## [Assigned task]
Only the pictures are dropped; the lines of the material that follow are returned exactly.

## [Records provided]
──────
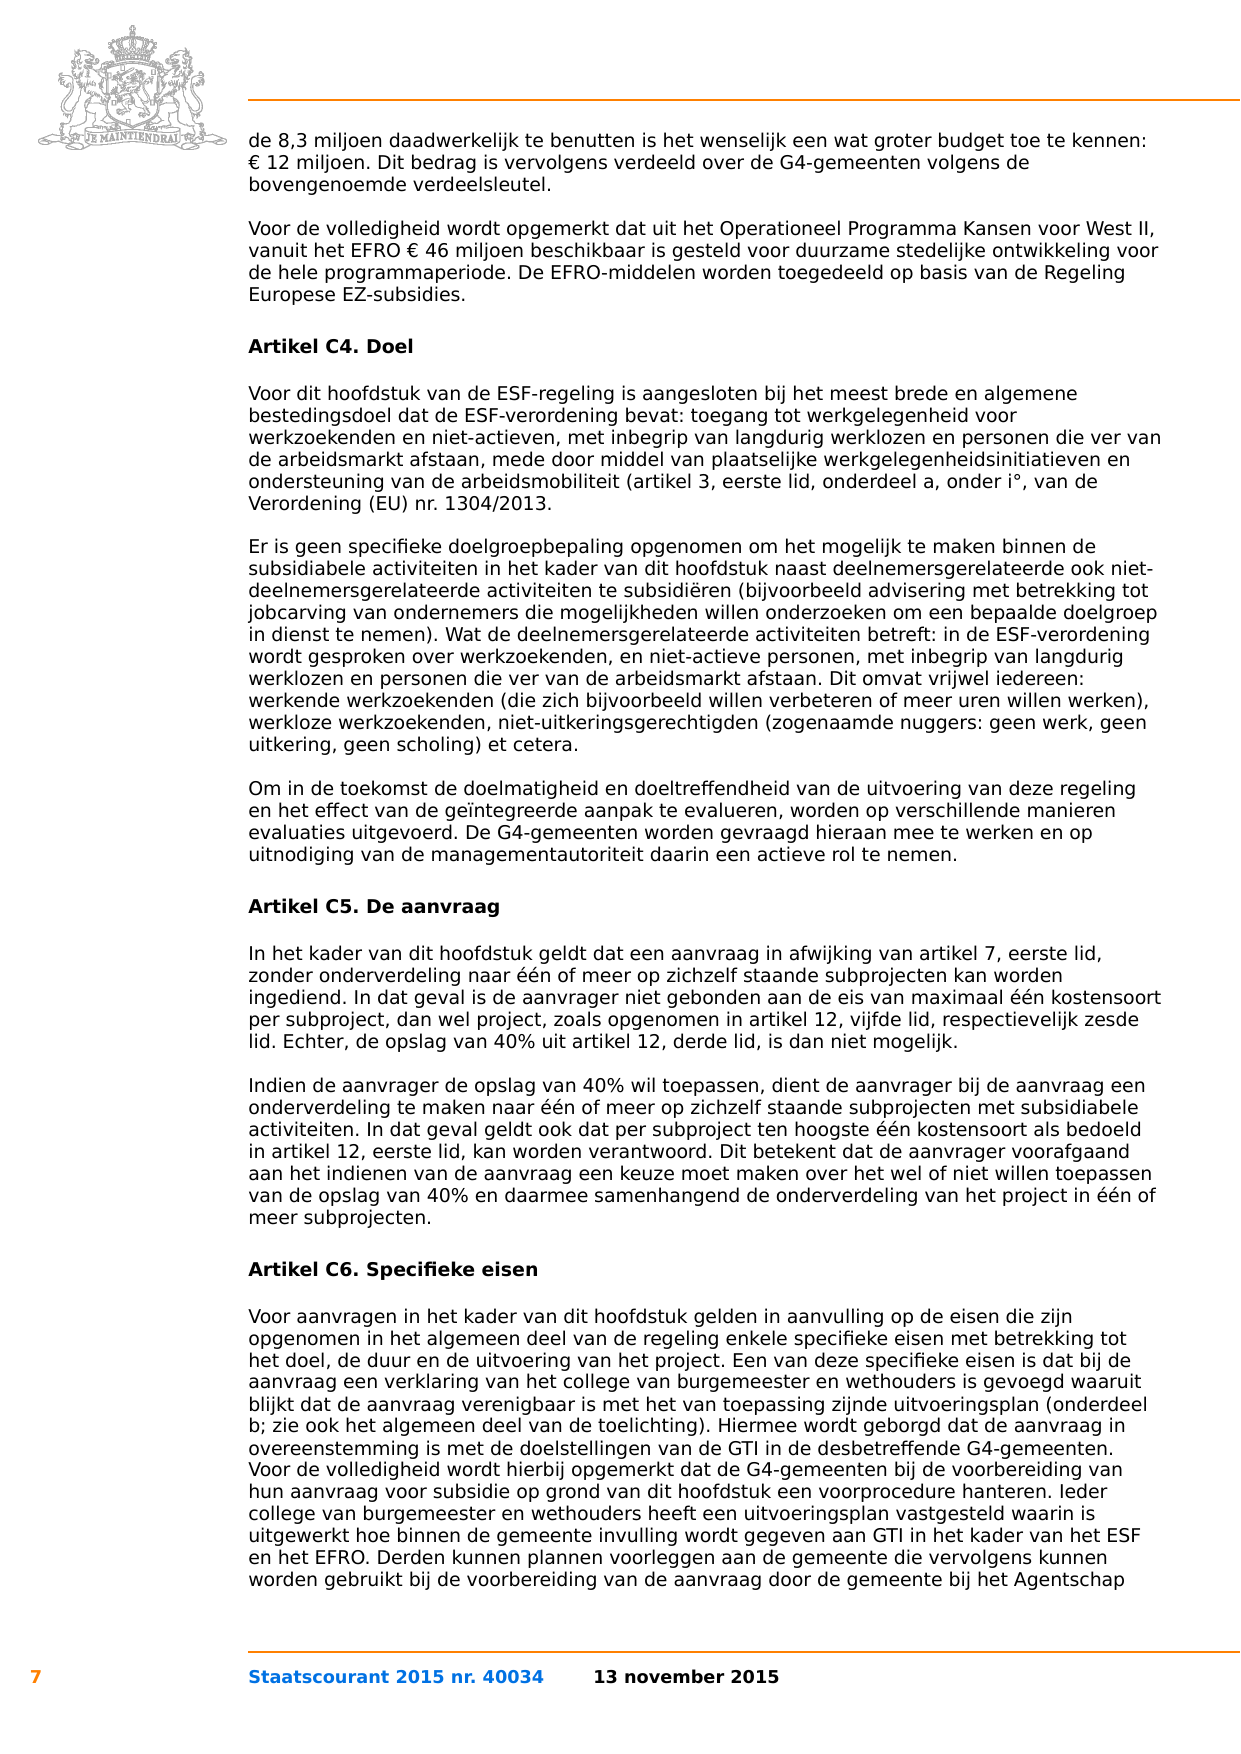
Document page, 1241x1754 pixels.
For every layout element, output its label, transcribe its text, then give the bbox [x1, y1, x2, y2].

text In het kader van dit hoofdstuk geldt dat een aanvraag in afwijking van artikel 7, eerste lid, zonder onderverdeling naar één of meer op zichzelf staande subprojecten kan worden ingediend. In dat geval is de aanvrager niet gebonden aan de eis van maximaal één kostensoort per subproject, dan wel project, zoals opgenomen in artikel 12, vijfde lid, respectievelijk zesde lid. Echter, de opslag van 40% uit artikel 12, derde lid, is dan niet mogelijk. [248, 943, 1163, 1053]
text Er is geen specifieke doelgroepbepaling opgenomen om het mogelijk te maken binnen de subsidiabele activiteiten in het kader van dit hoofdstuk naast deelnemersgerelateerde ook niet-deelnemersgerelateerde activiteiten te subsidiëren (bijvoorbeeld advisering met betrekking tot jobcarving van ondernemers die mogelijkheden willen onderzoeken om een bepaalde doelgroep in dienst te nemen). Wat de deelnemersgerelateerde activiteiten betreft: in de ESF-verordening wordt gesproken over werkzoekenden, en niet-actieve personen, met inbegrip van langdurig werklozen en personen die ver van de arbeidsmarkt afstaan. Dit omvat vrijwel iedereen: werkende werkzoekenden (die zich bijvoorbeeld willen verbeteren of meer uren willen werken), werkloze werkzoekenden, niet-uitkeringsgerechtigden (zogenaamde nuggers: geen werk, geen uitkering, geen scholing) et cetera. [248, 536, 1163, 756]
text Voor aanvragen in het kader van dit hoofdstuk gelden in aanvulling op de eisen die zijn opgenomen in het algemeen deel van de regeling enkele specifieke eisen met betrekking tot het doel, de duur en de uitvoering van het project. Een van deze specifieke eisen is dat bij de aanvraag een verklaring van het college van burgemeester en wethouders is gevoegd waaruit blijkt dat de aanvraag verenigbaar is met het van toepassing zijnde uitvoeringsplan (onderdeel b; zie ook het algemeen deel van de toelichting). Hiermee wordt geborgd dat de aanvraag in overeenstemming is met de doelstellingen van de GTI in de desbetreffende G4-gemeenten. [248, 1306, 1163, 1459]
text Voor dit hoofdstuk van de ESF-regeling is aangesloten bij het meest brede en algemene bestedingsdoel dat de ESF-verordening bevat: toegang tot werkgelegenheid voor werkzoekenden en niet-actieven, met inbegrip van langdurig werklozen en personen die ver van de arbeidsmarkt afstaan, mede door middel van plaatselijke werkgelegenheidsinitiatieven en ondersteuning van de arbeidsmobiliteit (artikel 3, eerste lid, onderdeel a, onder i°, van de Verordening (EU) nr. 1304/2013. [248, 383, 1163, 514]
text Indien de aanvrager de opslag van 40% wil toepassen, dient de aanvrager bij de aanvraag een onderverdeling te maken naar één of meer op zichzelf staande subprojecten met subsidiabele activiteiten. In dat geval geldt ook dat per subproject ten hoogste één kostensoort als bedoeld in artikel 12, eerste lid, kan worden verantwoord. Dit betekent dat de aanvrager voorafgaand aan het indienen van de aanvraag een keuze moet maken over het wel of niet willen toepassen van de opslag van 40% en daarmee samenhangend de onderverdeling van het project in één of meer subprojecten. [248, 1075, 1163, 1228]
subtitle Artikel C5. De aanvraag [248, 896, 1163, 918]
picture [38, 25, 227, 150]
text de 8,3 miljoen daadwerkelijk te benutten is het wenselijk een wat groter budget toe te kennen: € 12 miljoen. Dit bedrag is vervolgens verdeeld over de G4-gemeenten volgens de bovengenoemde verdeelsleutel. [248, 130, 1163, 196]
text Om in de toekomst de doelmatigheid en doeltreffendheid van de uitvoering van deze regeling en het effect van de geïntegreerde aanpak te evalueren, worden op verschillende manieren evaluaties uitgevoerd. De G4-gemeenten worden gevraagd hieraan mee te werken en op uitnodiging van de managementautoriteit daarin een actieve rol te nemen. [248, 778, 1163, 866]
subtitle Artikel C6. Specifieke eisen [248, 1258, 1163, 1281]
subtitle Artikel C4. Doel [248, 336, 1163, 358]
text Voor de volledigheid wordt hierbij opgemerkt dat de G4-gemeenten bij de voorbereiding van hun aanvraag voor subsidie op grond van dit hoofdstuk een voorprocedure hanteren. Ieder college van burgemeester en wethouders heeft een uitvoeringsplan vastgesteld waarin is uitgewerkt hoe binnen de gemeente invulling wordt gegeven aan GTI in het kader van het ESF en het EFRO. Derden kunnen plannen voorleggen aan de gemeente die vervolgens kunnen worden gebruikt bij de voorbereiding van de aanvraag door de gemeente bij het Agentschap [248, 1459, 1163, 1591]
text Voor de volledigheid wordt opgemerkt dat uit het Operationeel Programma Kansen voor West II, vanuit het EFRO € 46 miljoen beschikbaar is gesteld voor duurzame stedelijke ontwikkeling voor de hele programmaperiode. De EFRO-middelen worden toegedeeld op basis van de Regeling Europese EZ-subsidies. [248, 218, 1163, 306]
──────
## [Output of the exercise]
Document page, 1241x1754 pixels.
For every layout element, output its label, transcribe its text, then give the bbox [x1, y1, x2, y2].

text In het kader van dit hoofdstuk geldt dat een aanvraag in afwijking van artikel 7, eerste lid, zonder onderverdeling naar één of meer op zichzelf staande subprojecten kan worden ingediend. In dat geval is de aanvrager niet gebonden aan de eis van maximaal één kostensoort per subproject, dan wel project, zoals opgenomen in artikel 12, vijfde lid, respectievelijk zesde lid. Echter, de opslag van 40% uit artikel 12, derde lid, is dan niet mogelijk. [248, 943, 1163, 1053]
text Er is geen specifieke doelgroepbepaling opgenomen om het mogelijk te maken binnen de subsidiabele activiteiten in het kader van dit hoofdstuk naast deelnemersgerelateerde ook niet-deelnemersgerelateerde activiteiten te subsidiëren (bijvoorbeeld advisering met betrekking tot jobcarving van ondernemers die mogelijkheden willen onderzoeken om een bepaalde doelgroep in dienst te nemen). Wat de deelnemersgerelateerde activiteiten betreft: in de ESF-verordening wordt gesproken over werkzoekenden, en niet-actieve personen, met inbegrip van langdurig werklozen en personen die ver van de arbeidsmarkt afstaan. Dit omvat vrijwel iedereen: werkende werkzoekenden (die zich bijvoorbeeld willen verbeteren of meer uren willen werken), werkloze werkzoekenden, niet-uitkeringsgerechtigden (zogenaamde nuggers: geen werk, geen uitkering, geen scholing) et cetera. [248, 536, 1163, 756]
text Voor aanvragen in het kader van dit hoofdstuk gelden in aanvulling op de eisen die zijn opgenomen in het algemeen deel van de regeling enkele specifieke eisen met betrekking tot het doel, de duur en de uitvoering van het project. Een van deze specifieke eisen is dat bij de aanvraag een verklaring van het college van burgemeester en wethouders is gevoegd waaruit blijkt dat de aanvraag verenigbaar is met het van toepassing zijnde uitvoeringsplan (onderdeel b; zie ook het algemeen deel van de toelichting). Hiermee wordt geborgd dat de aanvraag in overeenstemming is met de doelstellingen van de GTI in de desbetreffende G4-gemeenten. [248, 1306, 1163, 1459]
text Voor dit hoofdstuk van de ESF-regeling is aangesloten bij het meest brede en algemene bestedingsdoel dat de ESF-verordening bevat: toegang tot werkgelegenheid voor werkzoekenden en niet-actieven, met inbegrip van langdurig werklozen en personen die ver van de arbeidsmarkt afstaan, mede door middel van plaatselijke werkgelegenheidsinitiatieven en ondersteuning van de arbeidsmobiliteit (artikel 3, eerste lid, onderdeel a, onder i°, van de Verordening (EU) nr. 1304/2013. [248, 383, 1163, 514]
text Indien de aanvrager de opslag van 40% wil toepassen, dient de aanvrager bij de aanvraag een onderverdeling te maken naar één of meer op zichzelf staande subprojecten met subsidiabele activiteiten. In dat geval geldt ook dat per subproject ten hoogste één kostensoort als bedoeld in artikel 12, eerste lid, kan worden verantwoord. Dit betekent dat de aanvrager voorafgaand aan het indienen van de aanvraag een keuze moet maken over het wel of niet willen toepassen van de opslag van 40% en daarmee samenhangend de onderverdeling van het project in één of meer subprojecten. [248, 1075, 1163, 1228]
subtitle Artikel C5. De aanvraag [248, 896, 1163, 918]
picture [38, 25, 227, 150]
text de 8,3 miljoen daadwerkelijk te benutten is het wenselijk een wat groter budget toe te kennen: € 12 miljoen. Dit bedrag is vervolgens verdeeld over de G4-gemeenten volgens de bovengenoemde verdeelsleutel. [248, 130, 1163, 196]
text Om in de toekomst de doelmatigheid en doeltreffendheid van de uitvoering van deze regeling en het effect van de geïntegreerde aanpak te evalueren, worden op verschillende manieren evaluaties uitgevoerd. De G4-gemeenten worden gevraagd hieraan mee te werken en op uitnodiging van de managementautoriteit daarin een actieve rol te nemen. [248, 778, 1163, 866]
subtitle Artikel C6. Specifieke eisen [248, 1258, 1163, 1281]
subtitle Artikel C4. Doel [248, 336, 1163, 358]
text Voor de volledigheid wordt hierbij opgemerkt dat de G4-gemeenten bij de voorbereiding van hun aanvraag voor subsidie op grond van dit hoofdstuk een voorprocedure hanteren. Ieder college van burgemeester en wethouders heeft een uitvoeringsplan vastgesteld waarin is uitgewerkt hoe binnen de gemeente invulling wordt gegeven aan GTI in het kader van het ESF en het EFRO. Derden kunnen plannen voorleggen aan de gemeente die vervolgens kunnen worden gebruikt bij de voorbereiding van de aanvraag door de gemeente bij het Agentschap [248, 1459, 1163, 1591]
text Voor de volledigheid wordt opgemerkt dat uit het Operationeel Programma Kansen voor West II, vanuit het EFRO € 46 miljoen beschikbaar is gesteld voor duurzame stedelijke ontwikkeling voor de hele programmaperiode. De EFRO-middelen worden toegedeeld op basis van de Regeling Europese EZ-subsidies. [248, 218, 1163, 306]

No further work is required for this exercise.